Stress Free Baby Travel Blog

You’ve just had a baby, but you have a serious case of cabin fever and desperately need a holiday.

Do you take your nanny, hire one temporarily, or find a resort with qualified childminders?

Let’s weigh up the pros and cons.

Whilst most will agree that having a baby is a special, memorable experience, the series of sleepless nights and long, intensive days that follow can be exhausting and leave new moms wishing for some time out.  If a family holiday sounds like a good idea, who tags along matters a lot more now than it did in your pre baby vacation days.

A Helping Hand

Travelling with a baby will change the nature of the holidays, says Joburg-based psychologist, Laura Cook.  Babies have their own needs that have to be taken into consideration. For instance, your baby’s nap times may not coincide with your planned outings, and long days trips may be out of the question.  Wouldn’t it be nice to have an extra pair of hands on board to help with the day to day tasks of feeding and baby-sitting?  Here’s a few options to consider:-

Option 1

Hiring a temporary nanny

If you are looking for short term help, your best bet is to hire someone with good hands on experience with babies and a reputable list of references, says Paula Robert, owner of a Joburg agency that provides placements and rolls out monthly childcare, stimulation, first aid and cpr training for nannies / au pairs and for new moms.  “Going through an agency is a great option as I allows you to interview a few candidates before choosing someone with the qualities you’re after.” She says.  However, hiring someone for a  short time only could mean that your baby may not feel comfortable being left with her for too long, causing unnecessary stress.

Option 2

Taking your own nanny along

If you plan to take your existing nanny, discuss your expectations upfront, says Paula.  If you plan on leaving your baby with her for most of the day, so that you can relax, let her know beforehand so that she doesn’t expect too much time off.  However, if you simply need an extra pair of hands to help you with the daily tasks, then consider drawing up a daily schedule so that you are both on the same page.  It is also customary to provide your nanny with travel expenses, food and a separate room, which can be costly, so plan this in advance.

Option 3

Choosing a child-friendly resort

If you don’t like the idea of travelling with your nanny, many holiday destinations around the world cater for families with babies and young children.  For instance, if you stay at a Club Med Resort, you will have special check in times, plus a choice of top notch baby gear rentals, babysitter services and kids club.  “We take childcare seriously and all of our resorts have qualified childminders, trained in everything from CPR to Early Childhood Development, to look after babies from four months to two years of age, free of charge.” Says Lesego Matabane, marketing manager of Club Med.  “So whether you leave your baby for the whole day or just an hour or two, you can relax in the knowledge that your child will be well looked after and stimulated with various activities,” she adds.  Babysitting services are offered at all Beachcomber resorts, whether of ran evening or for a whole day.  You can also opt to have one babysitter for your family for your entire stay..  Lux reports also have babysitting at most of their resorts.

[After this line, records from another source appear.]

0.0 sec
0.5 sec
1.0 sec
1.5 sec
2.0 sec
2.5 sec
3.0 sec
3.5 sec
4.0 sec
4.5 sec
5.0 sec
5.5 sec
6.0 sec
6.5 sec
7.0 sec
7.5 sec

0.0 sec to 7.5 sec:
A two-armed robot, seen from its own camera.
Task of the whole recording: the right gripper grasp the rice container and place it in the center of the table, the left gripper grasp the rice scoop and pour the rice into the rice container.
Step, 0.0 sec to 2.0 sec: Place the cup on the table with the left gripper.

Qualities to look for in a childminder

Patience – Nannies often assume many of the responsibilities of a parent and much remain calm, cool and collected at all times

Energy – Your nanny should have a clean bill of health and the energy required to meet the demands of caring for a little one.

Kindness – Nannies should enjoy being with children, and have a pleasant demeanour.  A harsh attitude or short temper wont work in this role.

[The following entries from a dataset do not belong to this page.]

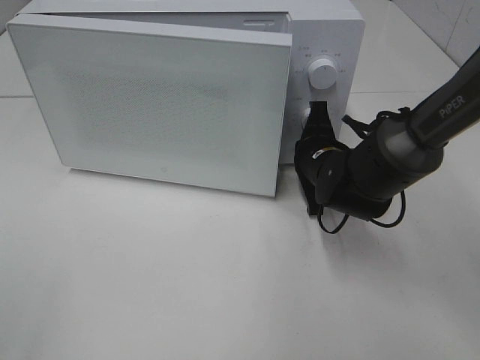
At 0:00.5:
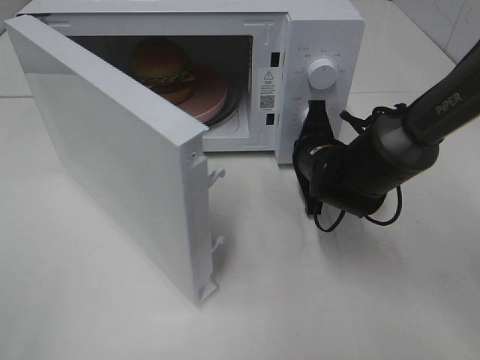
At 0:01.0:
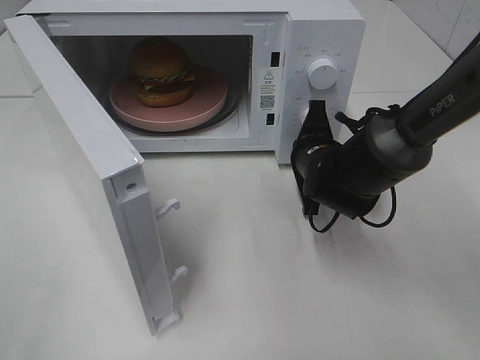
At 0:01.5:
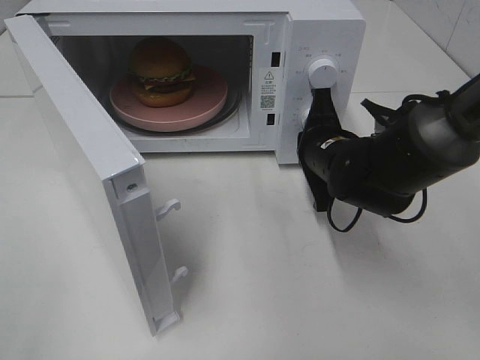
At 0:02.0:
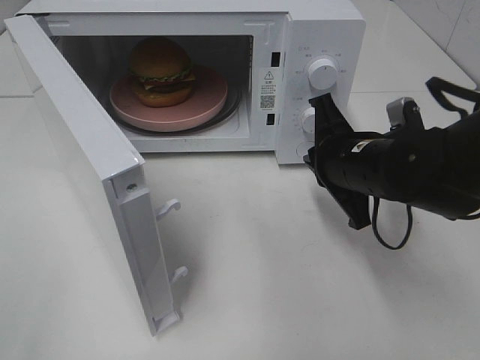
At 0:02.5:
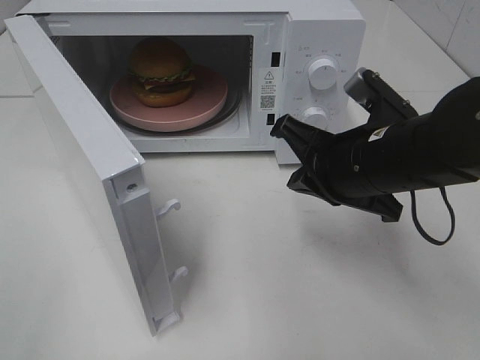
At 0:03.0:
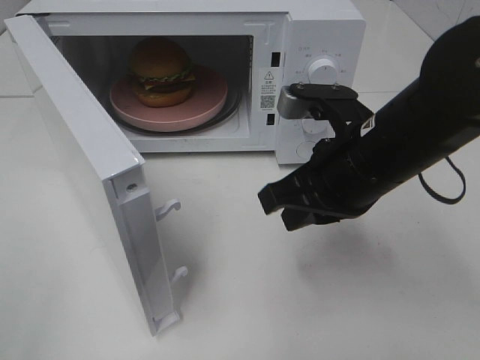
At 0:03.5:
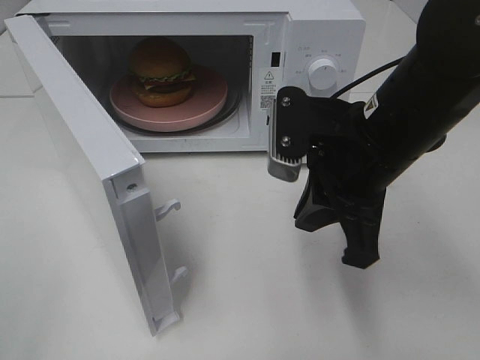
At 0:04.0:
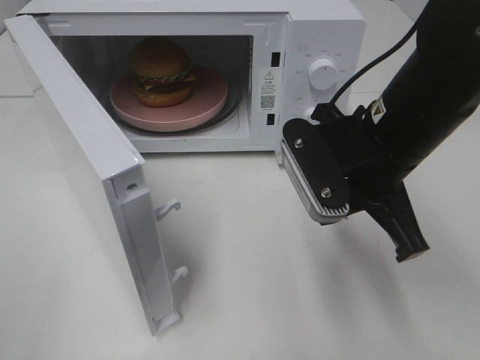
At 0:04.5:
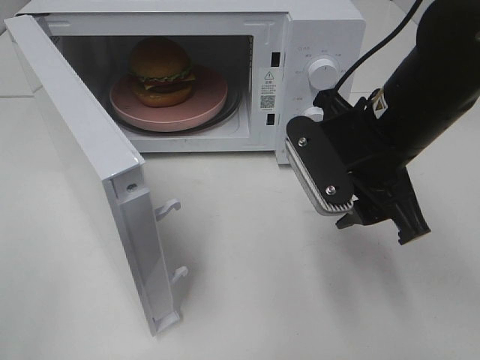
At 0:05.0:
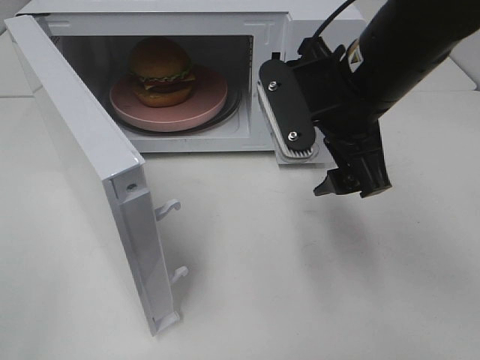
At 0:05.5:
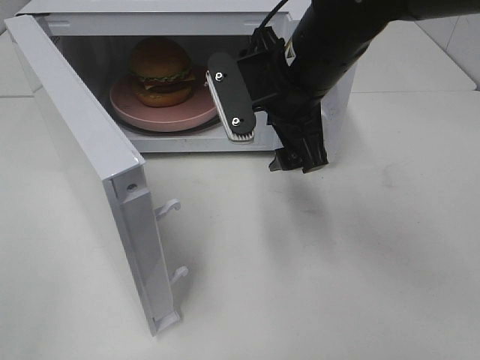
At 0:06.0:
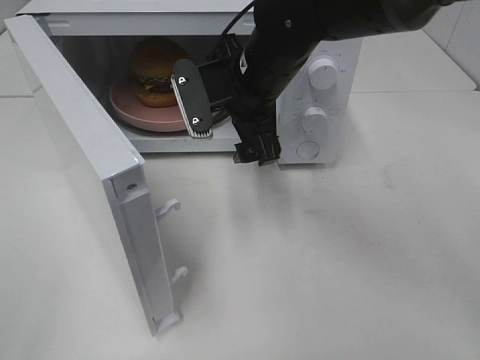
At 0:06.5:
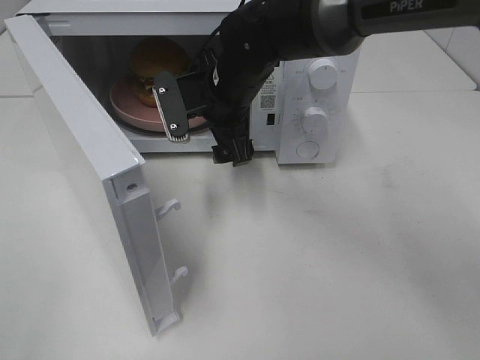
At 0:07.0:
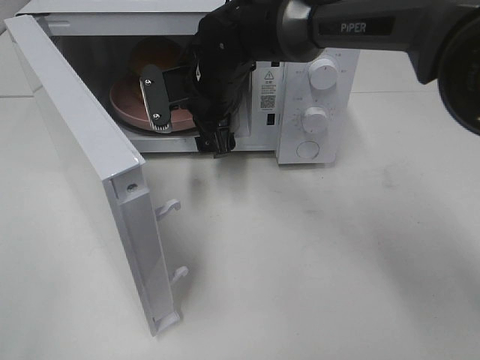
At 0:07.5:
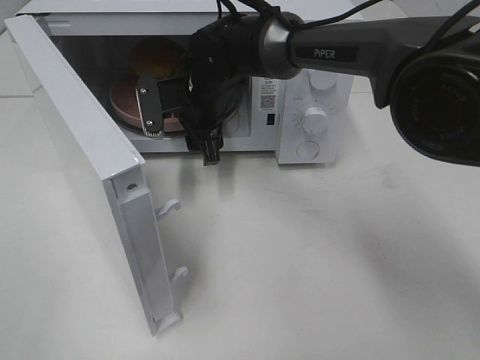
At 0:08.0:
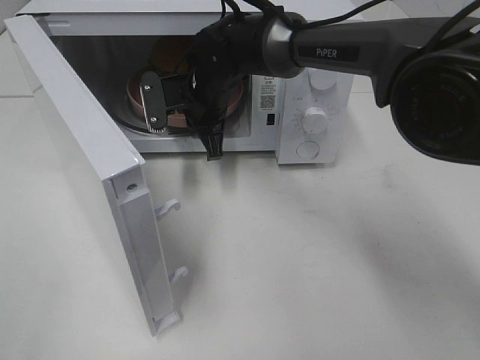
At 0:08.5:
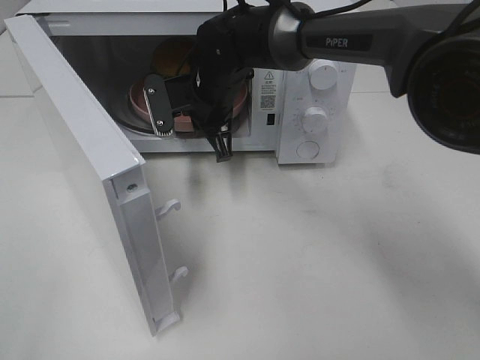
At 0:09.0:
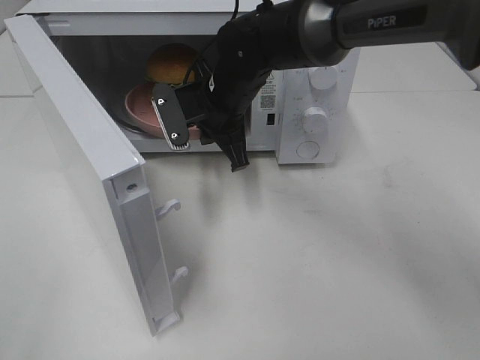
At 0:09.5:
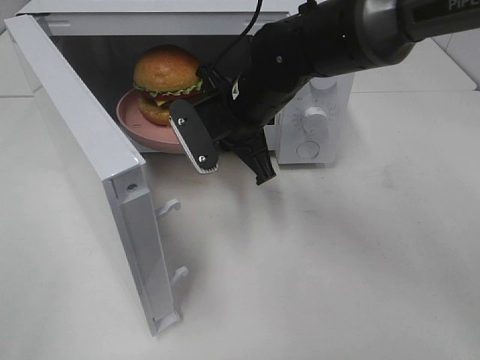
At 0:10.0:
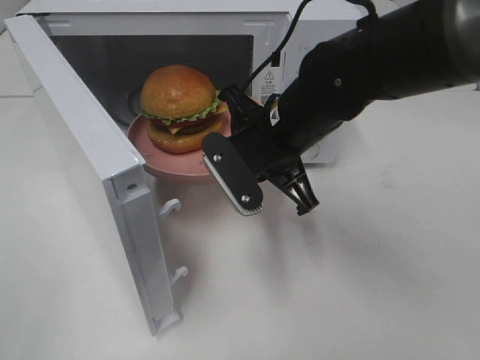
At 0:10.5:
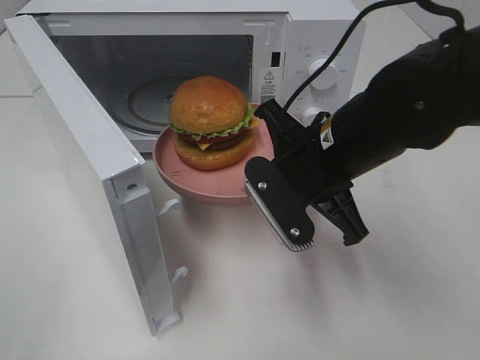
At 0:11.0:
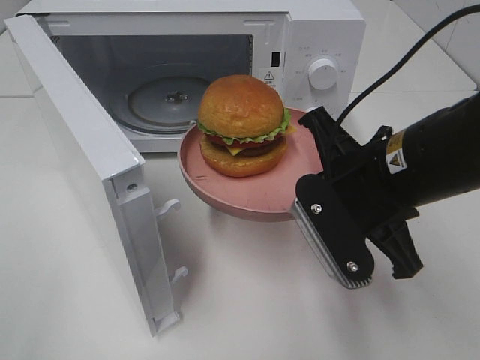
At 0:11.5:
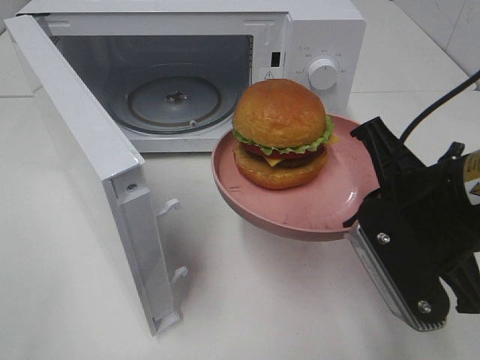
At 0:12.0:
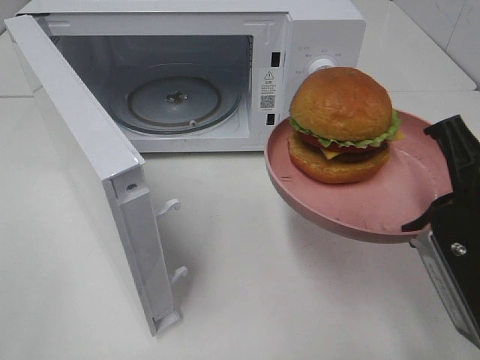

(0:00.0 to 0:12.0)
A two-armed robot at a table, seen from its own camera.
Task of the whole recording: Heat the burger.
Step, 0:02.0 - 0:07.5: Right hand: grab the plate with the hamburger.
0:00.0 - 0:02.0: The right gripper shifts some 10 cm backward and upward.
0:02.0 - 0:04.0: The right gripper is displaced upward by about 5 cm.
0:04.0 - 0:06.0: The right gripper heads forward and to the left, covering about 15 cm, and opens up.
0:06.0 - 0:08.0: The right gripper shifts about 10 cm forward, downward and to the left, and closes up.
0:08.0 - 0:10.0: The right gripper moves backward and to the right, some 15 cm.
0:10.0 - 0:12.0: The right gripper heads backward and to the right, covering about 20 cm.

A sense of responsibility – As professional caregivers, nannies are responsible for the health, safety and wellbeing of your child.  Theis means being mindful of time, sticking to schedules and making sure tasks are completed. 

Questions to ask in an interview.

How many years of experience do you have?

How old were the children that you looked after?

Do you  have any formal Early Childhood Development training?

Do you have First Aid and CPR training?

How do you comfort children?

How would you deal with separation anxiety?

What are your favourite stimulation activities?

Why did you leave your last position?